Download or read book Function Theory of Several Complex Variables written by Steven George Krantz and published by American Mathematical Soc.. This book was released on 2001 with total page 586 pages. Available in PDF, EPUB and Kindle. Book excerpt: Emphasizing integral formulas, the geometric theory of pseudoconvexity, estimates, partial differential equations, approximation theory, inner functions, invariant metrics, and mapping theory, this title is intended for the student with a background in real and complex variable theory, harmonic analysis, and differential equations.

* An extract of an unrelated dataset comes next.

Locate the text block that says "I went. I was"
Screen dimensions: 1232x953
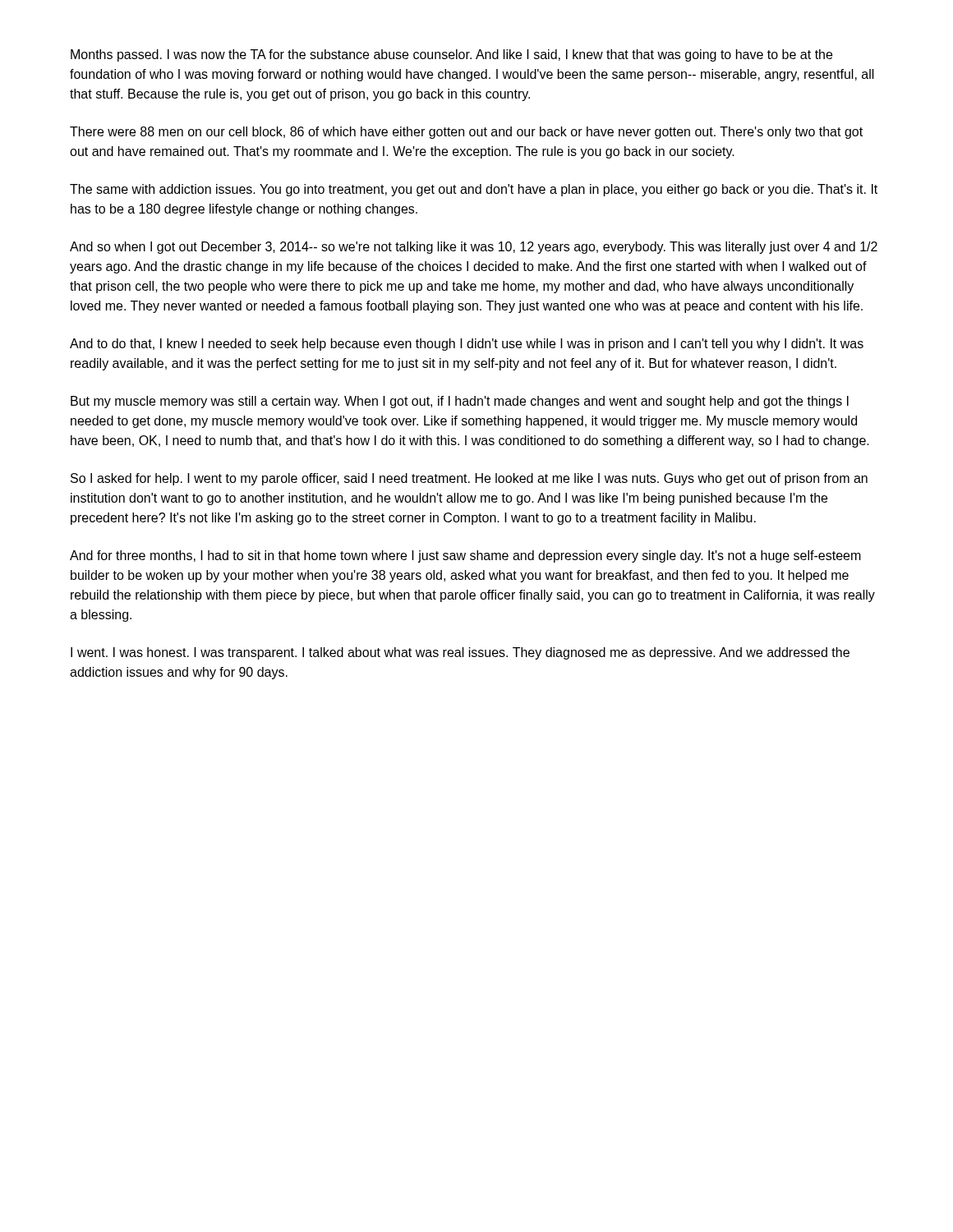click(460, 662)

Methods of Applied Fourier Analysis

Methods of Applied Fourier Analysis
Author :
Publisher : Springer Science & Business Media
Total Pages : 334
Release :
ISBN-10 : 9781461217565
ISBN-13 : 1461217563
Rating : 4/5 (65 Downloads)

Book Synopsis Methods of Applied Fourier Analysis by : Jayakumar Ramanathan

Download or read book Methods of Applied Fourier Analysis written by Jayakumar Ramanathan and published by Springer Science & Business Media. This book was released on 2012-12-06 with total page 334 pages. Available in PDF, EPUB and Kindle. Book excerpt:

Introduction to Abstract Harmonic Analysis

Introduction to Abstract Harmonic Analysis
Author :
Publisher : Courier Corporation
Total Pages : 210
Release :
ISBN-10 : 9780486481234
ISBN-13 : 0486481239
Rating : 4/5 (34 Downloads)

Book Synopsis Introduction to Abstract Harmonic Analysis by : Lynn H. Loomis

Download or read book Introduction to Abstract Harmonic Analysis written by Lynn H. Loomis and published by Courier Corporation. This book was released on 2011-06-01 with total page 210 pages. Available in PDF, EPUB and Kindle. Book excerpt: "Harmonic analysis is a branch of advanced mathematics with applications in such diverse areas as signal processing, medical imaging, and quantum mechanics. This classic monograph is the work of a prominent contributor to the field. Geared toward advanced undergraduates and graduate students, it focuses on methods related to Gelfand's theory of Banach algebra. 1953 edition"--

Explorations in Complex Functions

Explorations in Complex Functions
Author :
Publisher : Springer Nature
Total Pages : 353
Release :
ISBN-10 : 9783030545338
ISBN-13 : 3030545334
Rating : 4/5 (38 Downloads)

Book Synopsis Explorations in Complex Functions by : Richard Beals

Download or read book Explorations in Complex Functions written by Richard Beals and published by Springer Nature. This book was released on 2020-10-19 with total page 353 pages. Available in PDF, EPUB and Kindle. Book excerpt: This textbook explores a selection of topics in complex analysis. From core material in the mainstream of complex analysis itself, to tools that are widely used in other areas of mathematics, this versatile compilation offers a selection of many different paths. Readers interested in complex analysis will appreciate the unique combination of topics and connections collected in this book. Beginning with a review of the main tools of complex analysis, harmonic analysis, and functional analysis, the authors go on to present multiple different, self-contained avenues to proceed. Chapters on linear fractional transformations, harmonic functions, and elliptic functions offer pathways to hyperbolic geometry, automorphic functions, and an intuitive introduction to the Schwarzian derivative. The gamma, beta, and zeta functions lead into L-functions, while a chapter on entire functions opens pathways to the Riemann hypothesis and Nevanlinna theory. Cauchy transforms give rise to Hilbert and Fourier transforms, with an emphasis on the connection to complex analysis. Valuable additional topics include Riemann surfaces, steepest descent, tauberian theorems, and the Wiener–Hopf method. Showcasing an array of accessible excursions, Explorations in Complex Functions is an ideal companion for graduate students and researchers in analysis and number theory. Instructors will appreciate the many options for constructing a second course in complex analysis that builds on a first course prerequisite; exercises complement the results throughout.